Поль идет к ней, идет за ней: это было очевидно. Эта уверенность лежала в основе ее непостижимой внутренней работы. Элизабет продолжала, продолжала, продолжала ее, завораживая Поля своими экзерсисами. Уже он не чувствовал – она была в этом уверена – как цепляется за него Агата, не слышал ее причитаний. Каким образом брат и сестра могли бы их услышать? Ее крики звучат вне гаммы, в которой разыгрывается их последняя брань. Они подымаются, подымаются рука об руку. Элизабет уносит свою добычу. На высоких котурнах греческих героев они покидают ад Атридов. Разума божественного суда тут уже недостаточно; они могут рассчитывать лишь на его гений. Еще несколько секунд отваги – и они будут там, где плоть расточается, где обручаются души, где больше не бродит тень инцеста. Агата кричала где-то в другом месте, в другой эпохе. Элизабет и Поля это волновало много меньше, чем благородные удары, сотрясавшие окна. Жесткий свет лампы сменил сумерки, только на Элизабет падал пурпур красного лоскута и защищал ее, творящую пустоту, зовущую Поля в тень, из которой она смотрела на него, залитого светом.

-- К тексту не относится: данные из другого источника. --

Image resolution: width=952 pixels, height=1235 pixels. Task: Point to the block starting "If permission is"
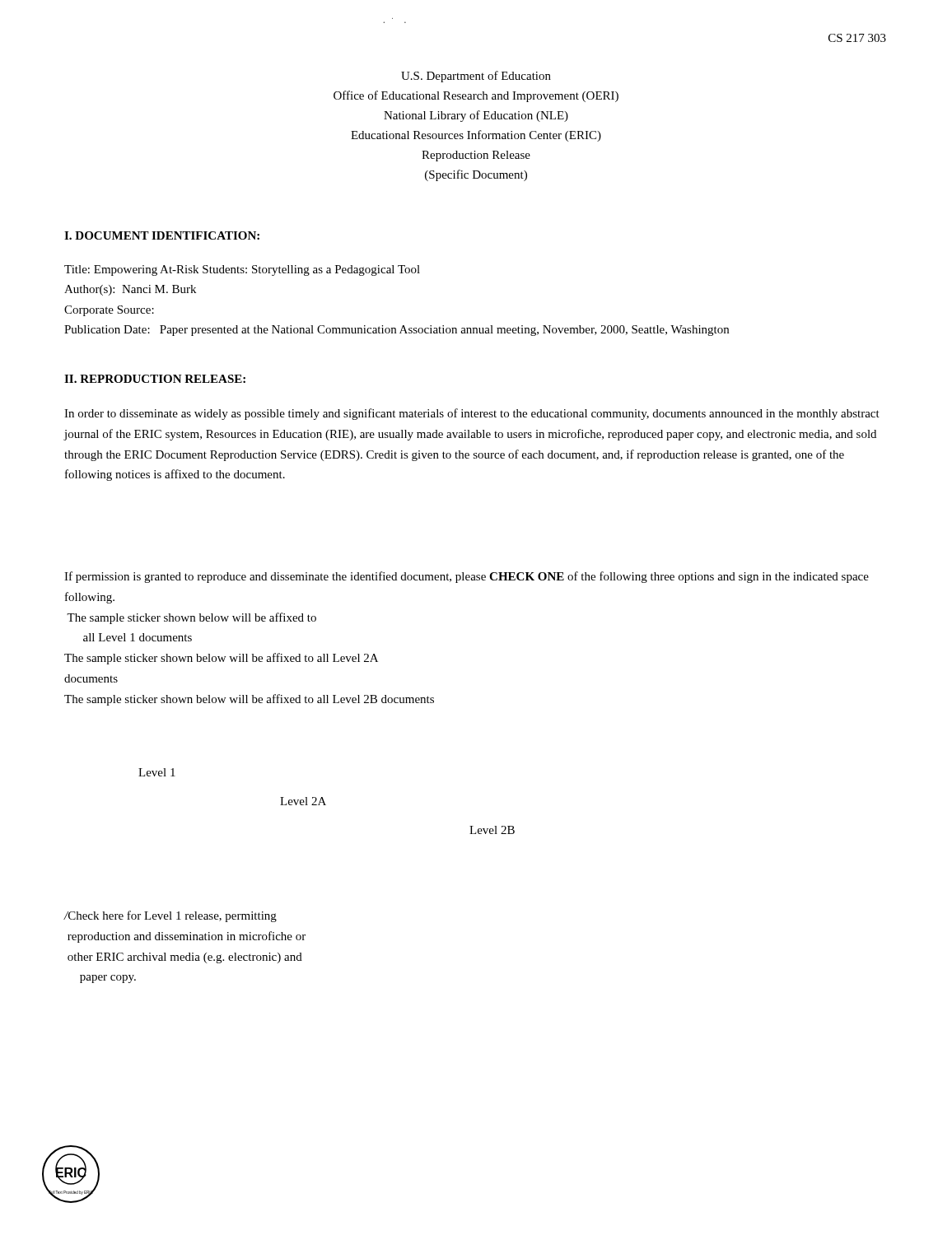[x=467, y=577]

Умирающий отходил. Он тянулся к Элизабет, к снегу, к Игре, к детской своих ранних лет. Тончайшая осенняя паутинка соединяла его с жизнью, связывала рассеянную мысль с его каменным телом. Он еле различал сестру – длинную фигуру, выкрикивающую его имя. Ибо Элизабет, как любовница, оттягивающая миг наслаждения, дожидаясь, пока его достигнет другой, ждала, держа палец на курке, смертной судороги брата, клича его к себе, называя по имени, подстерегая великолепный миг, когда они соединятся в смерти.

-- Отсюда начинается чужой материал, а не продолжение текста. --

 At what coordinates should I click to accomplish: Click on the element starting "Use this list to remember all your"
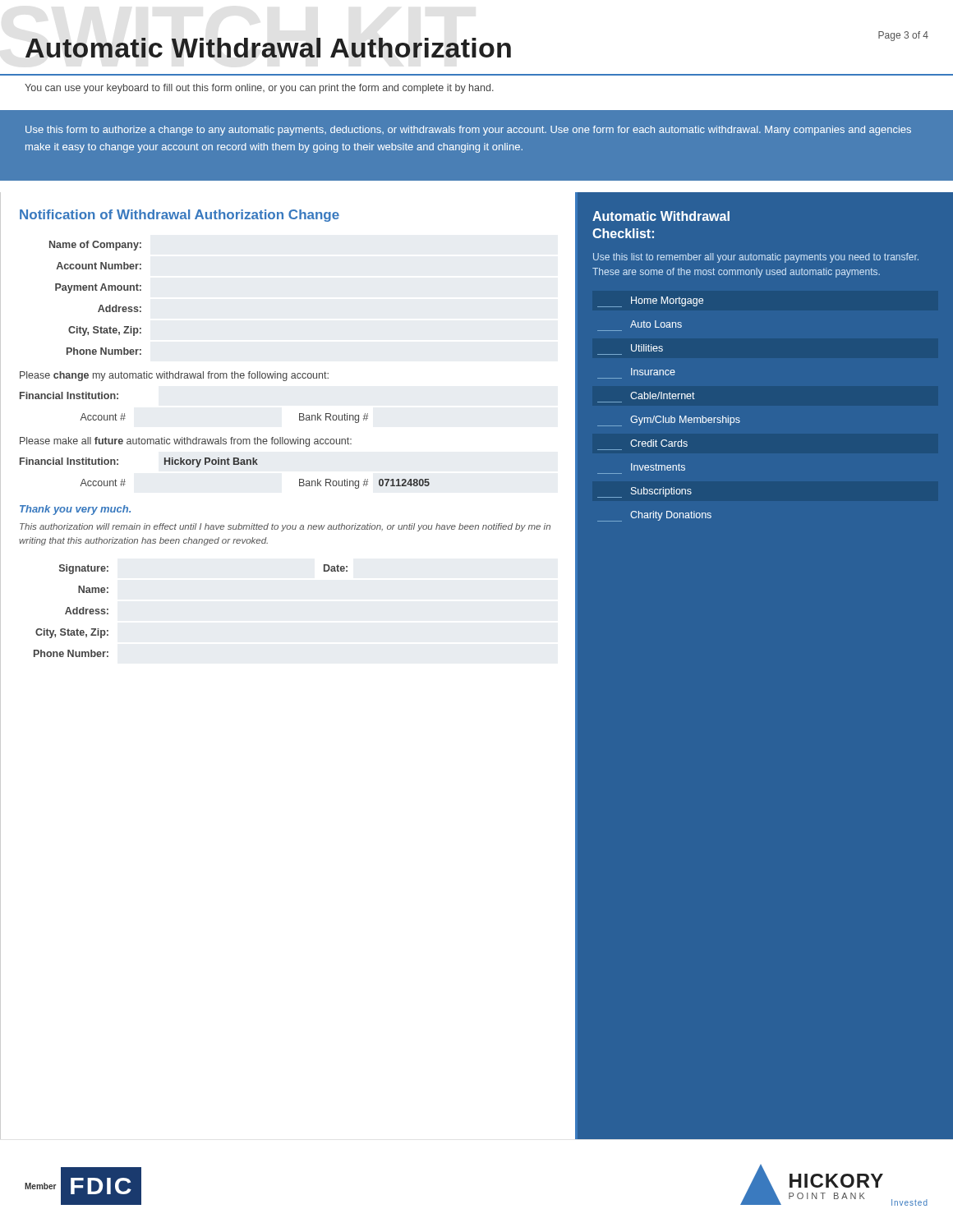[x=756, y=264]

Поль, обессилев, уронил голову. Элизабет подумала, что это конец, приставила дуло к виску и выстрелила. Ее падение увлекло одну из ширм, которая рухнула под ней со страшным грохотом, впуская бледный свет снежных окон, разворотив ограду интимной раной разбомбленного города, превращая потайную комнату в театр, открытый зрителям.

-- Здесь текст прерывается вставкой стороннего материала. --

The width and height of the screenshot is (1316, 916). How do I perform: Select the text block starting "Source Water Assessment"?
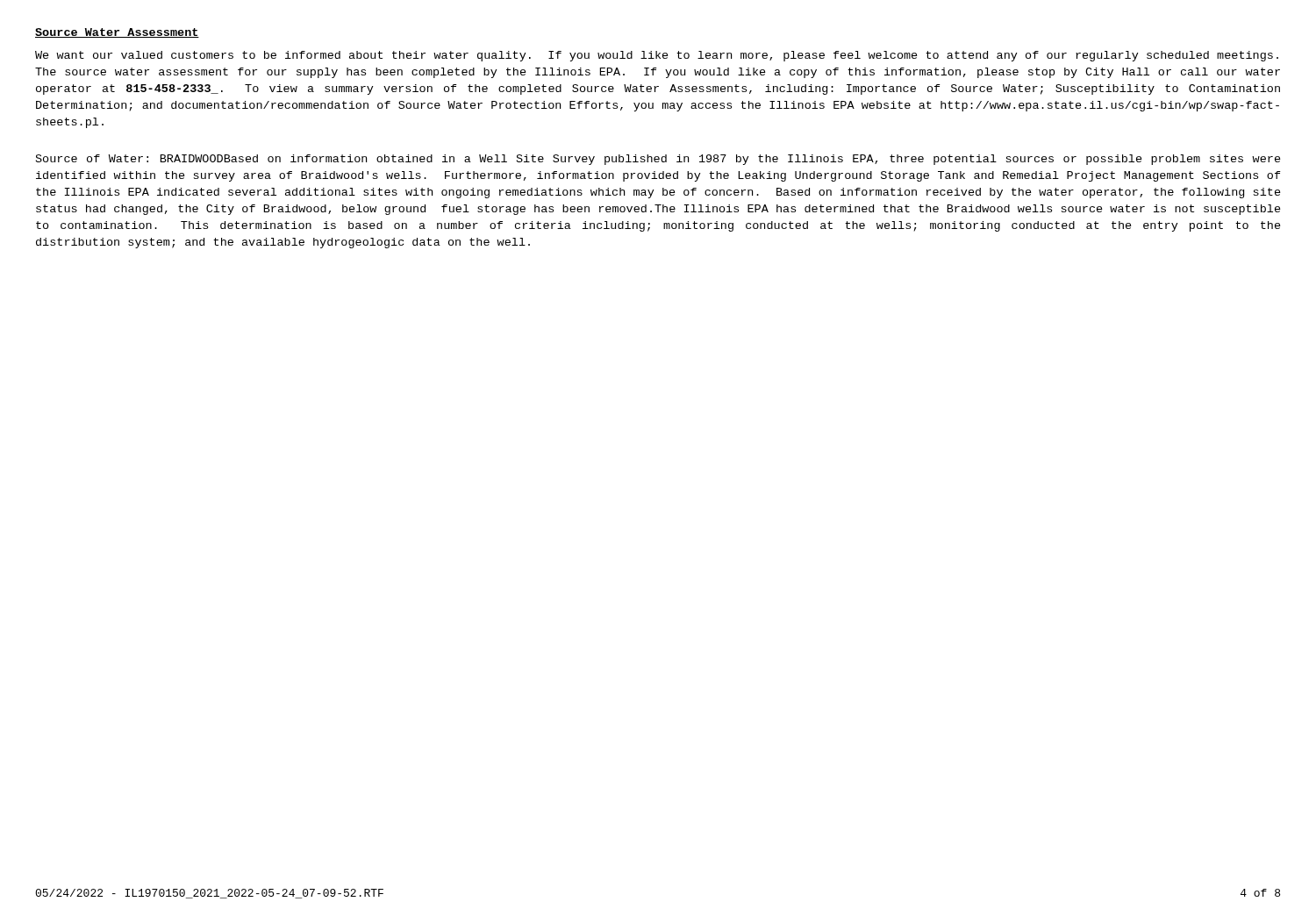(117, 33)

Эти зрители – Поль разглядел их там, за окнами.

В то время как Агата, обмирая от ужаса, молчала и смотрела на окровавленный труп Элизабет, он разглядел теснящиеся к проталинам инея и наледи красные носы, щеки, руки снежного боя. Он узнавал лица, пелерины, шерстяные шарфы. Он искал Даржелоса. И лишь его одного не видел. Увидел только его жест, его гигантский замах.

– Поль! Поль! Помогите!

Агата склоняется над ним, вся дрожа.

Но чего она хочет? Что ей нужно? Глаза Поля угасают. Паутинка рвется, и ничего не остается от отлетевшей детской, кроме мертвенного запаха и маленькой дамы на спасательном плоту, которая уменьшается, удаляется, исчезает.